Le temps passe, Rembrandt est connu, il épouse Saskia van Uylenburg le 22 Juin 1634, la nièce de son marchand d'art, chez lequel il s'était d'ailleurs installé en 1631. Déjà renommé, Rembrandt renforce sa notoriété en côtoyant la bourgeoisie néerlandaise et multiplie les commandes de portraits et peintures historiques. Il représente sa femme dans de nombreuses toiles, portant les divers costumes et accessoires qu'il aime dépeindre dans ses œuvres.

Il est difficile de l'isoler du mouvement intellectuel et moral de son pays et de son temps. Né plutôt partout ailleurs, il n'aurait pas eu l’immense mérite de clore un passé et d'ouvrir une des grandes portes de l'avenir.

Sous tous les rapports, il a trompé bien des gens. Comme homme, il manquait d’élégance, et l'on en a conclu qu'il était grossier. Comme homme d'étude, il a dérangé plus d'un système, et l'on en a conclu qu'il manquait de connaissances. Comme homme de goût, il a péché contre toutes les lois communes, et l'on en a conclu qu'il manquait de goût. Comme artiste épris du beau, il a donné des choses de la terre quelques idées fort laides.

Personne n'a pas remarqué qu'il regardait ailleurs.

En tout état de cause, si fort qu'on le vantât, si méchamment qu'on l'ait dénigré, si injustement qu'on l'ait pris, en bien comme en mal, à l'inverse de sa nature, personne n’a soupçonné exactement sa vraie grandeur.

Telle est cependant sa force créatrice que cet esprit si particulier, si personnel, donne aux sujets qu'il traite une expression générale, un sens intime et typique que les grands penseurs ou dessinateurs épiques n'atteignent pas toujours.

En procédant à sa façon, en extrayant de cet œuvre si vaste et de ce multiple génie ce qui le représente en son principe, et en éliminant sa palette, ses pinceaux, ses huiles colorantes, ses glacis, ses empâtements, tout le mécanisme du peintre, on arrive enfin à saisir l'essence première de l'artiste.

Rembrandt est tout entier esprit, tendances, imaginations, rêveries, bon sens, chimères.

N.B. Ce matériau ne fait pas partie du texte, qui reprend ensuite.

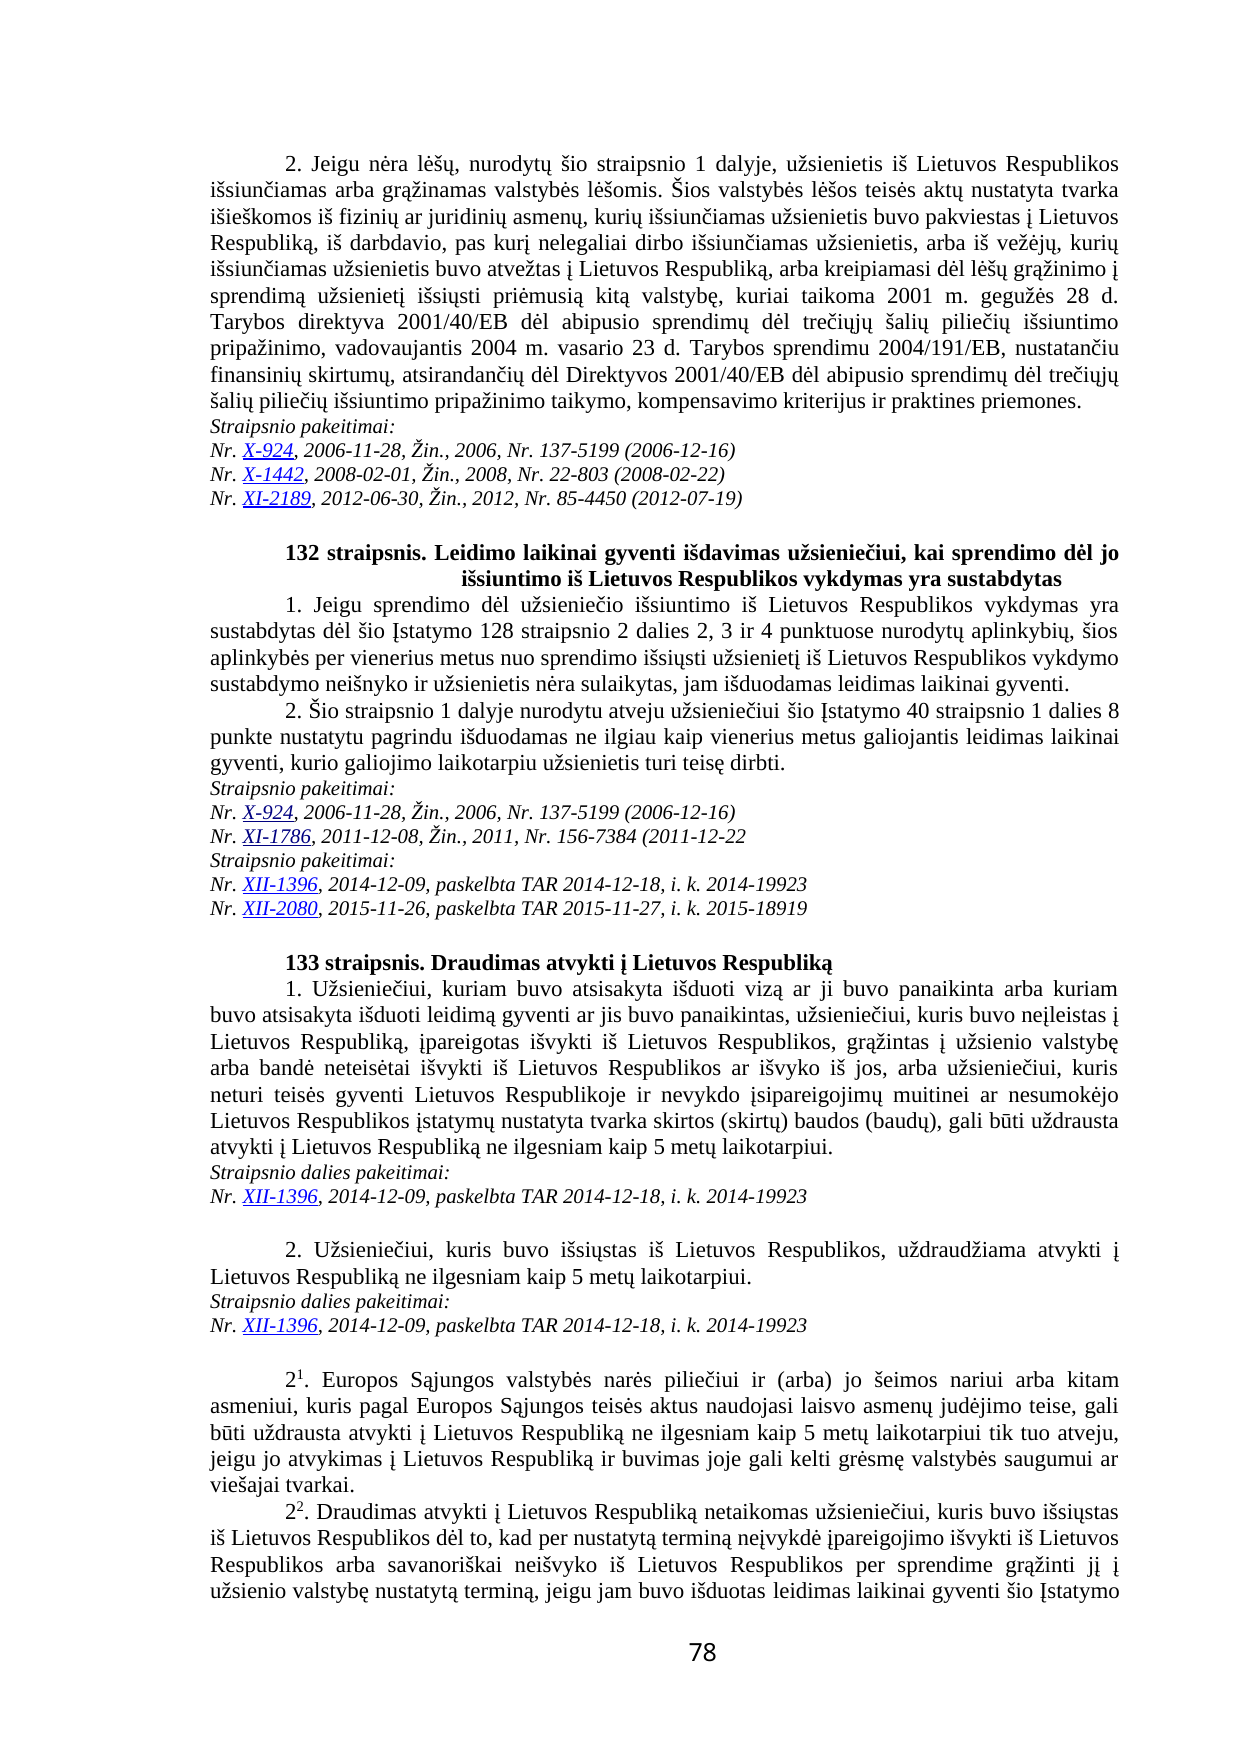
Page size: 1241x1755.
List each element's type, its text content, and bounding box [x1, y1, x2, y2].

text 2. Jeigu nėra lėšų, nurodytų šio straipsnio 1 dalyje, užsienietis iš Lietuvos Respublikos išsiunčiamas arba grąžinamas valstybės lėšomis. Šios valstybės lėšos teisės aktų nustatyta tvarka išieškomos iš fizinių ar juridinių asmenų, kurių išsiunčiamas užsienietis buvo pakviestas į Lietuvos Respubliką, iš darbdavio, pas kurį nelegaliai dirbo išsiunčiamas užsienietis, arba iš vežėjų, kurių išsiunčiamas užsienietis buvo atvežtas į Lietuvos Respubliką, arba kreipiamasi dėl lėšų grąžinimo į sprendimą užsienietį išsiųsti priėmusią kitą valstybę, kuriai taikoma 2001 m. gegužės 28 d. Tarybos direktyva 2001/40/EB dėl abipusio sprendimų dėl trečiųjų šalių piliečių išsiuntimo pripažinimo, vadovaujantis 2004 m. vasario 23 d. Tarybos sprendimu 2004/191/EB, nustatančiu finansinių skirtumų, atsirandančių dėl Direktyvos 2001/40/EB dėl abipusio sprendimų dėl trečiųjų šalių piliečių išsiuntimo pripažinimo taikymo, kompensavimo kriterijus ir praktines priemones. [210, 150, 1120, 413]
text Straipsnio dalies pakeitimai: [210, 1289, 1120, 1313]
text 21. Europos Sąjungos valstybės narės piliečiui ir (arba) jo šeimos nariui arba kitam asmeniui, kuris pagal Europos Sąjungos teisės aktus naudojasi laisvo asmenų judėjimo teise, gali būti uždrausta atvykti į Lietuvos Respubliką ne ilgesniam kaip 5 metų laikotarpiui tik tuo atveju, jeigu jo atvykimas į Lietuvos Respubliką ir buvimas joje gali kelti grėsmę valstybės saugumui ar viešajai tvarkai. [210, 1366, 1120, 1498]
text Nr. XII-1396, 2014-12-09, paskelbta TAR 2014-12-18, i. k. 2014-19923 [210, 872, 1120, 896]
text Straipsnio pakeitimai: [210, 776, 1120, 800]
text Nr. XII-1396, 2014-12-09, paskelbta TAR 2014-12-18, i. k. 2014-19923 [210, 1184, 1120, 1208]
text Nr. X-924, 2006-11-28, Žin., 2006, Nr. 137-5199 (2006-12-16) [210, 800, 1120, 824]
text Straipsnio pakeitimai: [210, 848, 1120, 872]
text Nr. X-924, 2006-11-28, Žin., 2006, Nr. 137-5199 (2006-12-16) [210, 438, 1120, 462]
text 132 straipsnis. Leidimo laikinai gyventi išdavimas užsieniečiui, kai sprendimo dėl jo išsiuntimo iš Lietuvos Respublikos vykdymas yra sustabdytas [285, 538, 1120, 591]
text 2. Šio straipsnio 1 dalyje nurodytu atveju užsieniečiui šio Įstatymo 40 straipsnio 1 dalies 8 punkte nustatytu pagrindu išduodamas ne ilgiau kaip vienerius metus galiojantis leidimas laikinai gyventi, kurio galiojimo laikotarpiu užsienietis turi teisę dirbti. [210, 697, 1120, 776]
text Straipsnio pakeitimai: [210, 413, 1120, 438]
text Nr. XI-1786, 2011-12-08, Žin., 2011, Nr. 156-7384 (2011-12-22 [210, 824, 1120, 848]
text Nr. X-1442, 2008-02-01, Žin., 2008, Nr. 22-803 (2008-02-22) [210, 462, 1120, 486]
text Nr. XI-2189, 2012-06-30, Žin., 2012, Nr. 85-4450 (2012-07-19) [210, 486, 1120, 510]
text Straipsnio dalies pakeitimai: [210, 1160, 1120, 1184]
text Nr. XII-1396, 2014-12-09, paskelbta TAR 2014-12-18, i. k. 2014-19923 [210, 1313, 1120, 1337]
text 1. Užsieniečiui, kuriam buvo atsisakyta išduoti vizą ar ji buvo panaikinta arba kuriam buvo atsisakyta išduoti leidimą gyventi ar jis buvo panaikintas, užsieniečiui, kuris buvo neįleistas į Lietuvos Respubliką, įpareigotas išvykti iš Lietuvos Respublikos, grąžintas į užsienio valstybę arba bandė neteisėtai išvykti iš Lietuvos Respublikos ar išvyko iš jos, arba užsieniečiui, kuris neturi teisės gyventi Lietuvos Respublikoje ir nevykdo įsipareigojimų muitinei ar nesumokėjo Lietuvos Respublikos įstatymų nustatyta tvarka skirtos (skirtų) baudos (baudų), gali būti uždrausta atvykti į Lietuvos Respubliką ne ilgesniam kaip 5 metų laikotarpiui. [210, 975, 1120, 1160]
text 1. Jeigu sprendimo dėl užsieniečio išsiuntimo iš Lietuvos Respublikos vykdymas yra sustabdytas dėl šio Įstatymo 128 straipsnio 2 dalies 2, 3 ir 4 punktuose nurodytų aplinkybių, šios aplinkybės per vienerius metus nuo sprendimo išsiųsti užsienietį iš Lietuvos Respublikos vykdymo sustabdymo neišnyko ir užsienietis nėra sulaikytas, jam išduodamas leidimas laikinai gyventi. [210, 591, 1120, 697]
text Nr. XII-2080, 2015-11-26, paskelbta TAR 2015-11-27, i. k. 2015-18919 [210, 896, 1120, 920]
text 2. Užsieniečiui, kuris buvo išsiųstas iš Lietuvos Respublikos, uždraudžiama atvykti į Lietuvos Respubliką ne ilgesniam kaip 5 metų laikotarpiui. [210, 1237, 1120, 1289]
text 133 straipsnis. Draudimas atvykti į Lietuvos Respubliką [210, 949, 1120, 975]
text 22. Draudimas atvykti į Lietuvos Respubliką netaikomas užsieniečiui, kuris buvo išsiųstas iš Lietuvos Respublikos dėl to, kad per nustatytą terminą neįvykdė įpareigojimo išvykti iš Lietuvos Respublikos arba savanoriškai neišvyko iš Lietuvos Respublikos per sprendime grąžinti jį į užsienio valstybę nustatytą terminą, jeigu jam buvo išduotas leidimas laikinai gyventi šio Įstatymo [210, 1498, 1120, 1603]
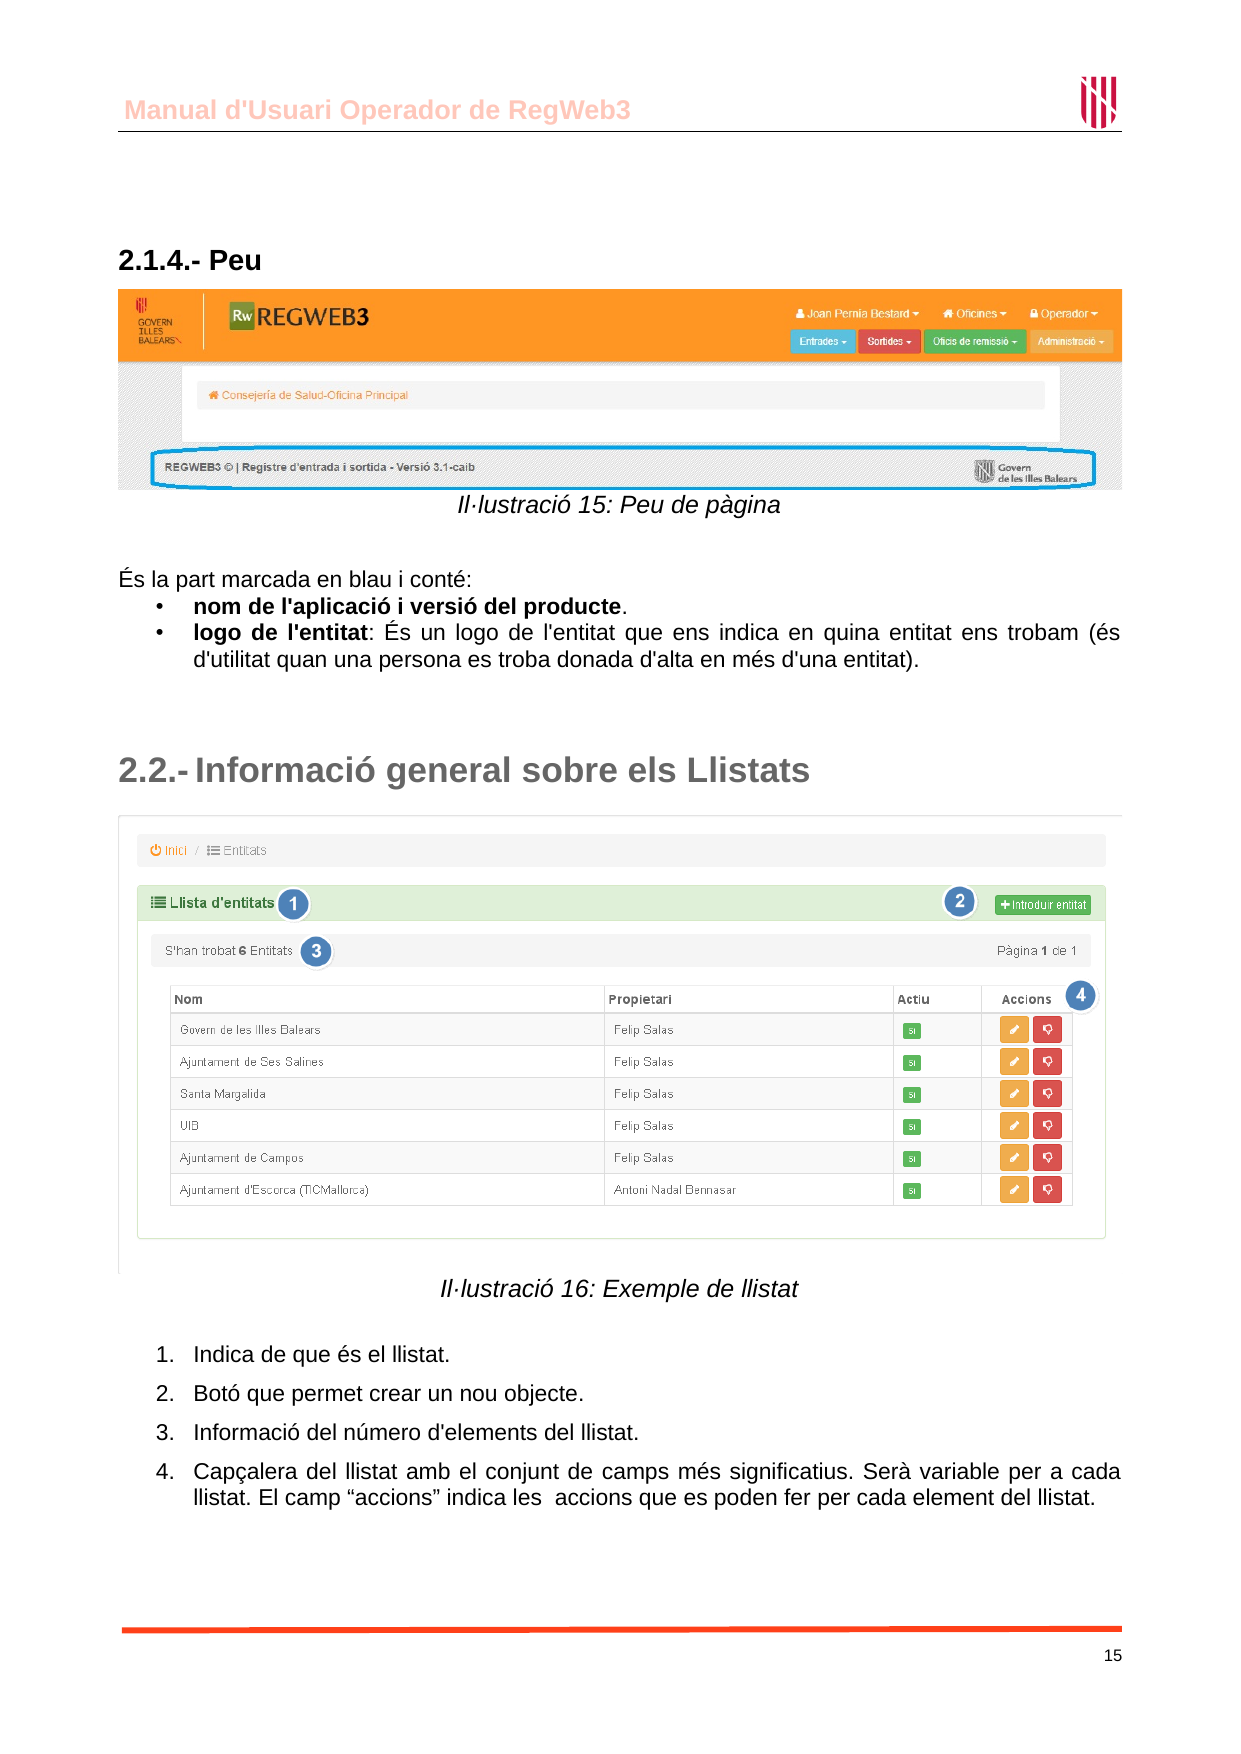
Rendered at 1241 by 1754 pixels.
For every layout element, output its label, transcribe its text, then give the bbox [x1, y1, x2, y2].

list Il·lustració 16: Exemple de llistat [118, 1274, 1122, 1303]
subtitle Informació general sobre els Llistats [118, 749, 1122, 790]
list nom de l'aplicació i versió del producte. [156, 593, 1122, 619]
picture [118, 289, 1123, 490]
list Botó que permet crear un nou objecte. [156, 1380, 1122, 1407]
list logo de l'entitat: És un logo de l'entitat que ens indica en quina entitat ens trobam (és d'utilitat quan una persona es troba donada d'alta en més d'una entitat). [156, 619, 1122, 672]
list Informació del número d'elements del llistat. [156, 1419, 1122, 1446]
picture [155, 450, 1092, 487]
list Indica de que és el llistat. [156, 1341, 1122, 1368]
text És la part marcada en blau i conté: [118, 566, 1122, 593]
picture [118, 815, 1123, 1274]
list Capçalera del llistat amb el conjunt de camps més significatius. Serà variable per a cada llistat. El camp “accions” indica les accions que es poden fer per cada element del llistat. [156, 1458, 1122, 1511]
subtitle Peu [118, 243, 1122, 277]
picture [1078, 74, 1119, 130]
text Il·lustració 15: Peu de pàgina [118, 490, 1122, 518]

Il sera difficile voire impossible de rendre et de reproduire ses œuvres, la réalité sans rien pour décor, ni fioriture, vingt eaux-fortes de lui le révèlent, font pressentir tout le peintre, et, mieux encore, l'expliquent : même insistance, même étrangeté dans le savoir faire, même désespoir et totale réussite par l'expression.